Fidelity is inherited from the bundled data; the matcher, stress, number, and
phoneme-program logic are re-implemented to match the binary, espeak-ng's quirks included.
[`docs/architecture.md`](docs/architecture.md) has the module map and pipeline.

## Verification

```bash
pytest -q                            # unit + fixture tests
python test/sweep.py 25              # per-language _list-headword sweep vs the oracle
python test/corpus_sweep.py          # real-sentence corpus vs the oracle
```

The reference ("oracle") is a pinned `espeak-ng 1.52.0` build, used only to generate
expected outputs — `espyak` never calls it at runtime.
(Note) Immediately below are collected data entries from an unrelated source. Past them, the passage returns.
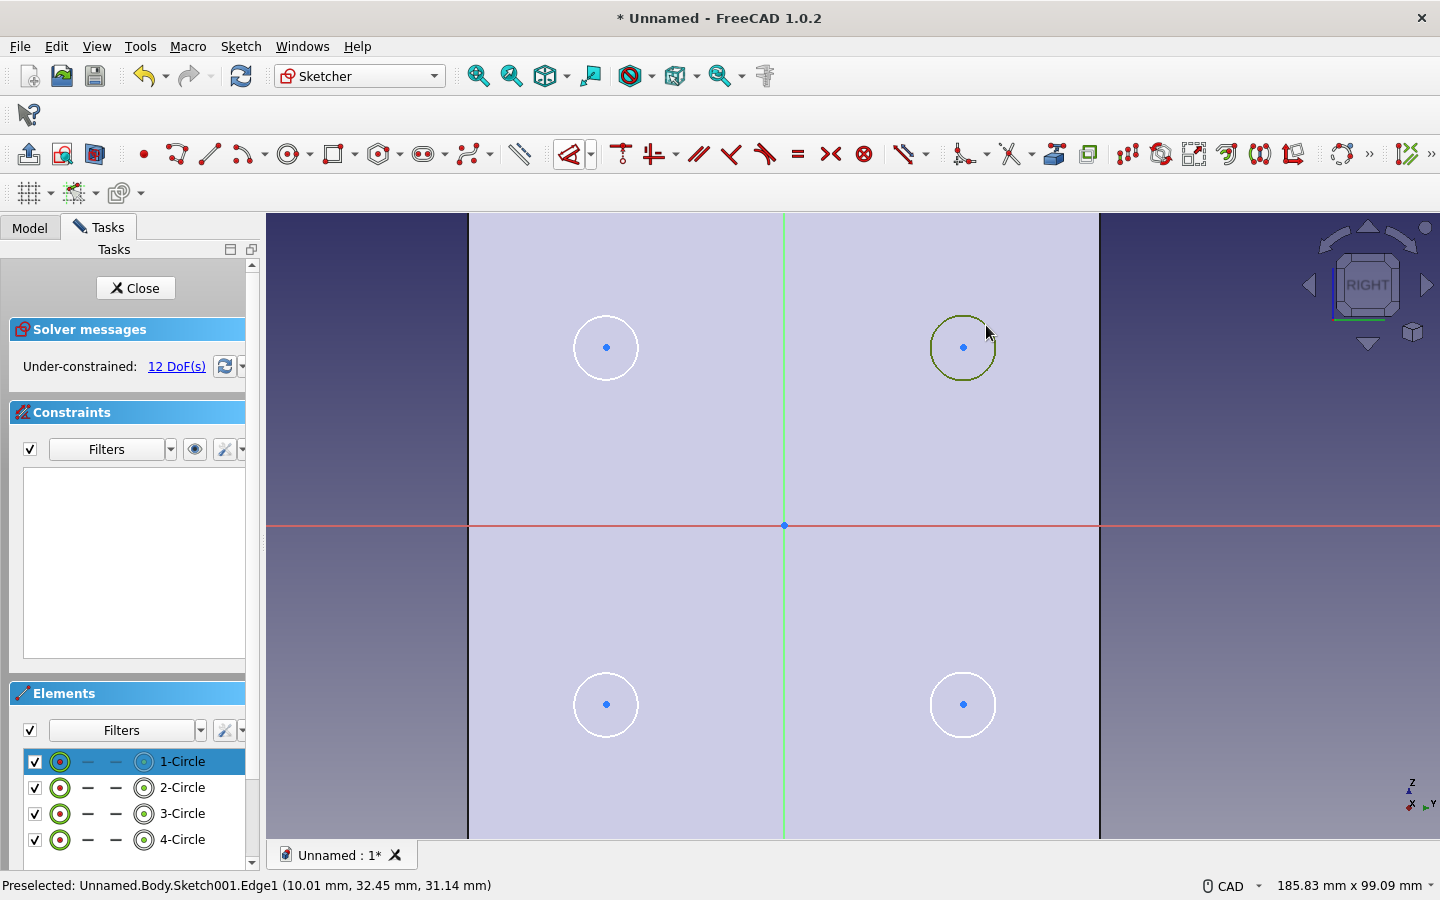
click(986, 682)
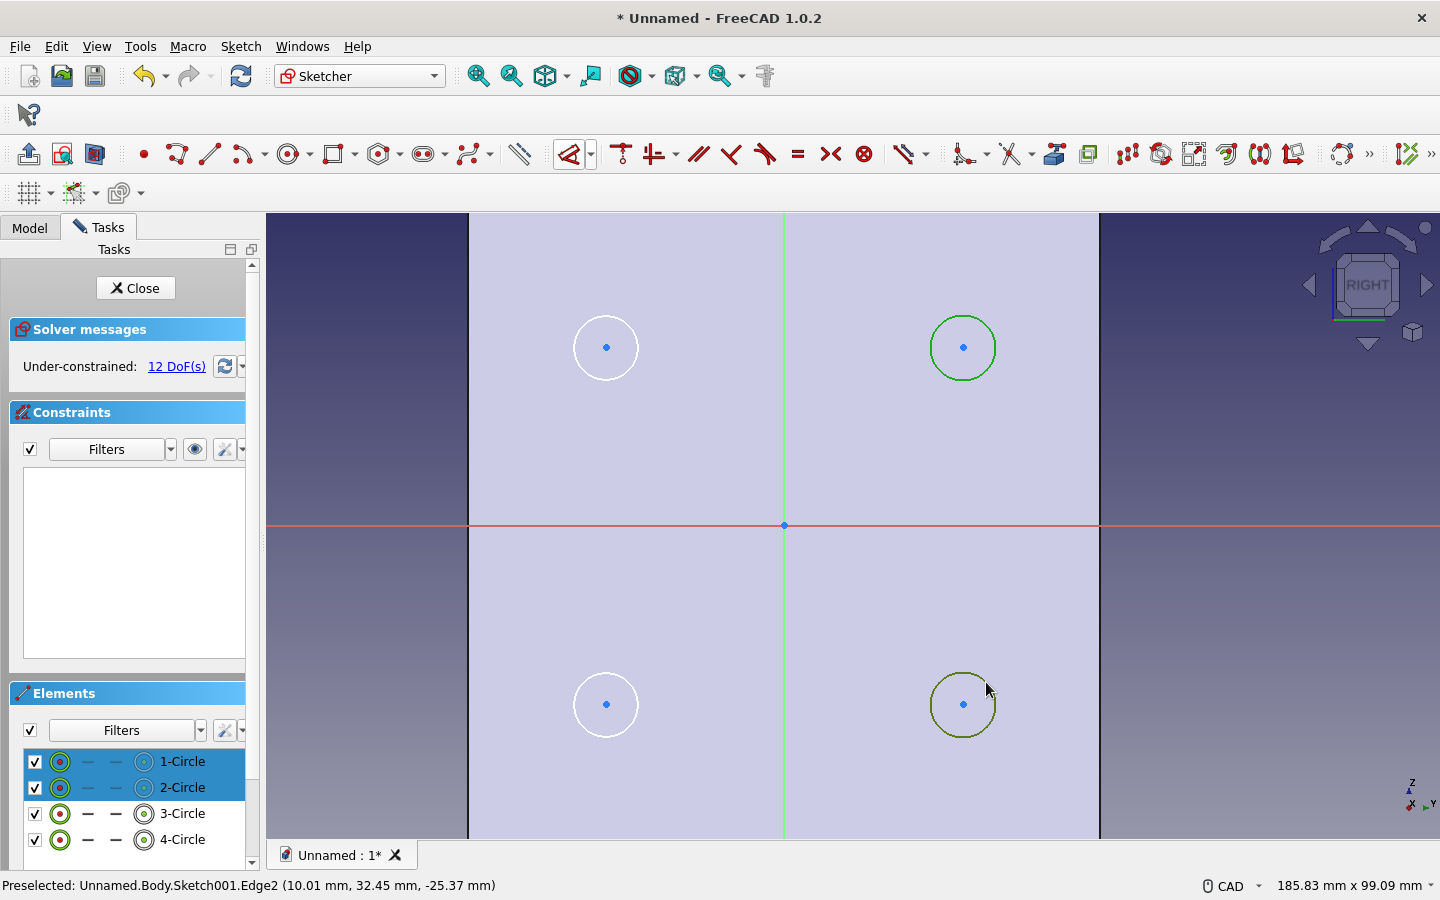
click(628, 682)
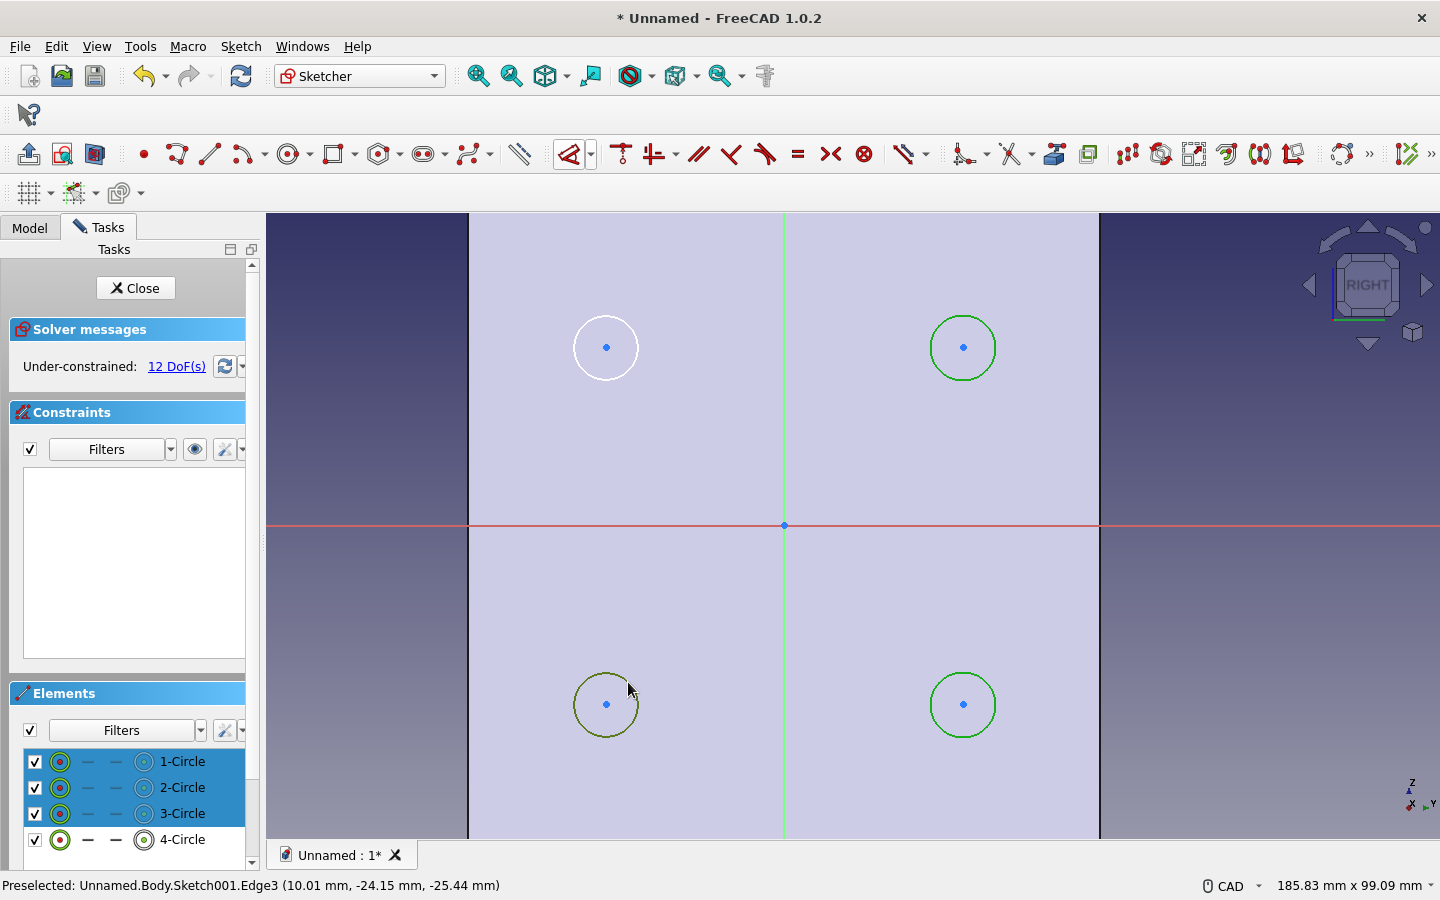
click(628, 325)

Every dictionary `*_list` headword
is a free test case; `test/report.md` holds the per-language pass rate.

## Coverage

The headword sweep samples the first *N* **alphabetic, length ≥ 3** headwords per language
(1703 words at N=25); that set and the real-sentence corpus reproduce espeak-ng exactly.
Inputs **outside** those sets can still differ — isolated accented letters spoken as their
name (`á` → "a acute"), bare ordinal suffixes (`th`, `nd`), unicode-codepoint names
(`U+5c1`), and some uncommon words. Raise `N` in `test/sweep.py`, or widen its word filter,
to exercise more of the dictionary.

## Project layout

```
espyak/            the engine (one module per espeak-ng translation unit)
  api.py           public G2P entry point
  dictionary.py    MatchRule / TranslateRules / SetWordStress / LookupDict2
  rule_compiler.py compiledict.c — rule byte encoding + groups
  phoneme_tab.py   phsource loader; phoneme_program.py — ChangePhoneme/InsertPhoneme
  language_data.py per-language translator config (tr_languages.c + voice files)
  numbers.py       TranslateNumber + ordinals/fractions
  render.py        phoneme list → IPA / Kirshenbaum / stress / tie / separator
  data/            bundled espeak-ng dictsource/ phsource/ lang/ @ 1.52.0
docs/              architecture, usage
examples/          runnable usage examples
test/              unit tests, oracle fixtures, sweep + corpus harnesses
```

## Provenance

`espyak` is an **AI-assisted port**. The Python was written by an AI coding assistant that
read and instrumented espeak-ng's C source; **human review has been minimal**. It is not an
independent clean-room implementation.

## License

`espyak` is **GPL-3.0-or-later**, the same as espeak-ng — from which it is derived and whose
data it bundles under `espyak/data/`. See [`LICENSE`](LICENSE).